Lagioia fa quindi un altro esempio, sempre paradossale: "Se Joe Biden venisse ad abitare a Roma, adesso che è diventato presidente degli Stati Uniti, e se ci rimanesse per tre settimane, quella terza settimana  gli sarebbe fatale perché diventerebbe uno qualunque. Cioè per una città che ne ha viste di tutti i colori, ha visto l’impero romano e il suo crollo, la morte di Cesare, il fascismo, le guerre, il Vaticano, ma che cosa può essere mai l’arrivo di un marziano o di un presidente della repubblica, o il semplice arrivo di una rockstar?"

 

Ecco, a proposito di rockstar. Siamo alla fine dell'intervista ed è qui il momento in cui Lagioia cita i Rolling Stones: "Mi ricordo - dice - quando qualche anno fa vennero al Circo Massimo. Se fossero venuti a Bari, questa cosa ce la saremmo ricordata nei decenni. A Roma, invece, io neanche andai perché era non una delle tante cose che stavano succedendo, ma solo una delle tante che erano già successe ancora prima che ci fossero. È  un po’ questo il sentimento, la cosa strana di questa città dove anche se atterra un’astronave, questa astronave l’abbiamo già vista".

 

L'intervista sta per finire. Come in ogni puntata della rubrica, Lagioia dà i suoi consigli di lettura, suggerisce di leggere Sandro Penna, Amelia Rosselli ed Emanuele Trevi, cita una poesia. Quindi saluta, a presto e grazie, dice.

Uno allora chiude Zoom,  spegne il pc e, mentre lo fa, pensa a Fellini e a Pasolini, al Colosseo e a Bernini.

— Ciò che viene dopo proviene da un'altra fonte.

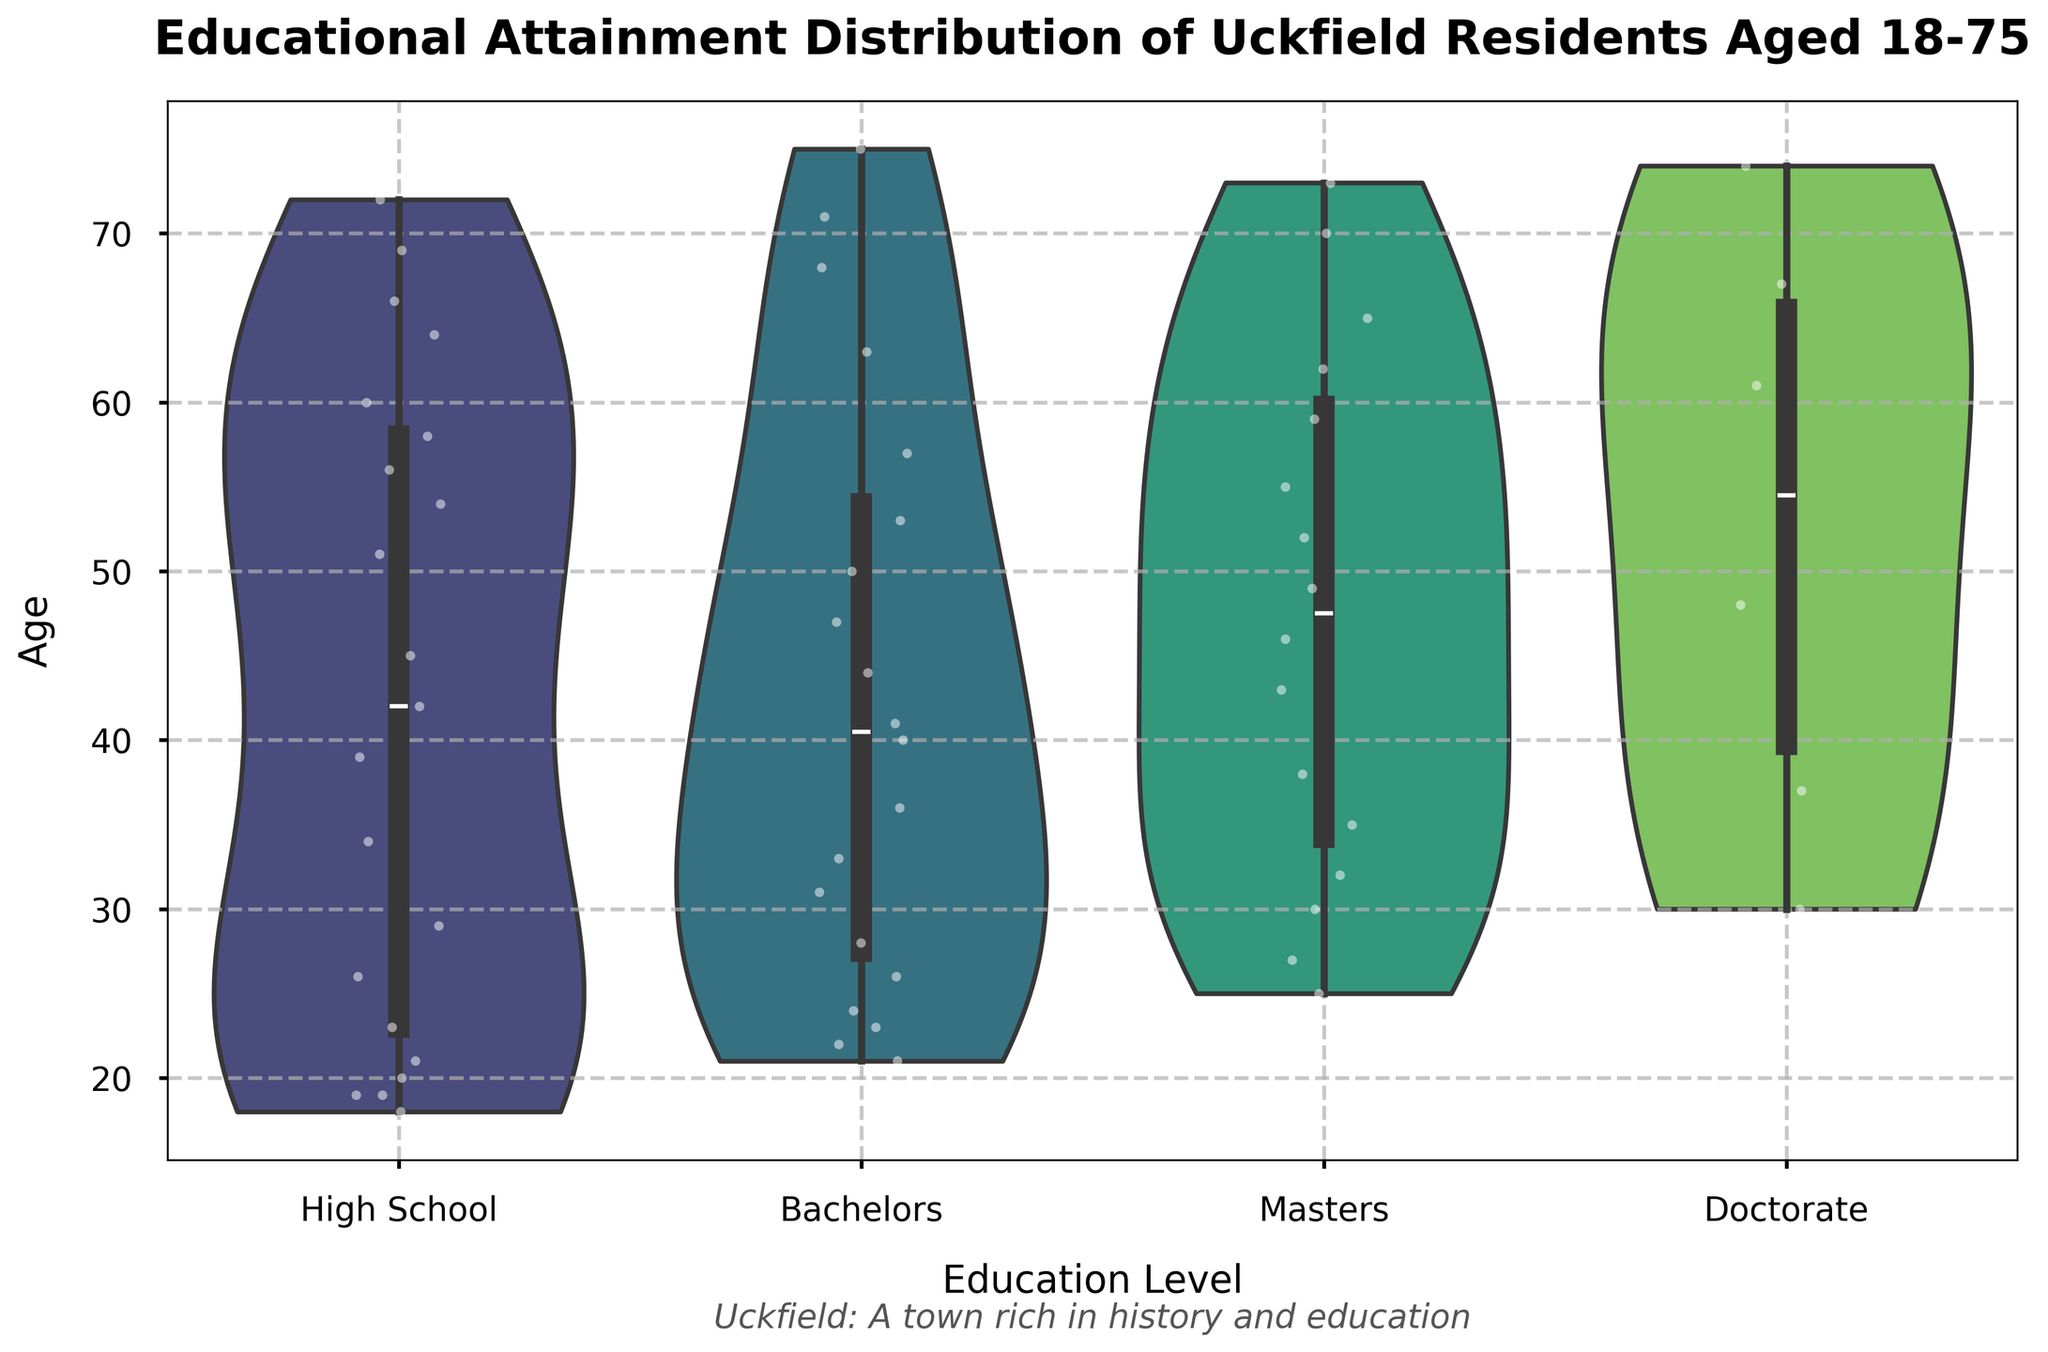What is the title of the violin plot? The title text is displayed at the top of the figure in a larger, bold font which reads "Educational Attainment Distribution of Uckfield Residents Aged 18-75".
Answer: Educational Attainment Distribution of Uckfield Residents Aged 18-75 Which education level has the widest age range? By observing the range of ages within each violin plot, the 'High School' category shows ages spanning from 18 to 75, which is the widest range among all categories.
Answer: High School What is the median age for residents with a Doctorate? The median age can be identified by the central line within the 'Doctorate' violin plot, which is located around age 49.
Answer: 49 Which education level has the most residents in the age group 30-40? Looking at the distribution of dots between ages 30 and 40 in the plots, the 'Bachelors' category has the most data points within this age range.
Answer: Bachelors Are there more residents aged over 60 with a Bachelors or a Doctorate? By comparing the number of data points above age 60 in the 'Bachelors' and 'Doctorate' categories, it is clear that there are more data points for 'Bachelors'.
Answer: Bachelors What can we say about the distribution shape of residents with a Masters degree? Observing the shape of the 'Masters' violin plot, it shows a relatively even distribution with a slight peak around the ages of 35-45.
Answer: Even with a slight peak around 35-45 Which education level has the highest density of young adults (ages 18-25)? Examining the density of points within the age range 18-25, the 'High School' category has the highest density.
Answer: High School Which age group has the least variation in educational attainment? The age group 67-75 appears to have lesser variation in education levels, mostly falling under 'High School' and 'Masters' categories.
Answer: 67-75 Can we observe a significant number of Doctorate holders in younger age groups? By checking the 'Doctorate' category, there are fewer data points in the younger age groups (18-30), indicating fewer Doctorate holders among younger residents.
Answer: No

Pensa pure ai Rolling Stones, pensa che, d'accordo, Lagioia avrà pure ragione a spiegare perché non è andato a quel concerto, a dire che per uno che sta a Roma è solo una delle cose già accadute prima che ci fossero; epperò pensa pure che lui, Lagioia, stando a Roma, alla fine, a quel concerto non è andato, e che invece, come dice lui, se fosse stato a Bari, certo che sì, certo che ci sarebbe andato. E allora intuisce che la natura e l'identità di questa città forse stanno anche qui, in queste piccole , inevitabili contraddizioni che da secoli avvolgono lei e le vite di chi la abita.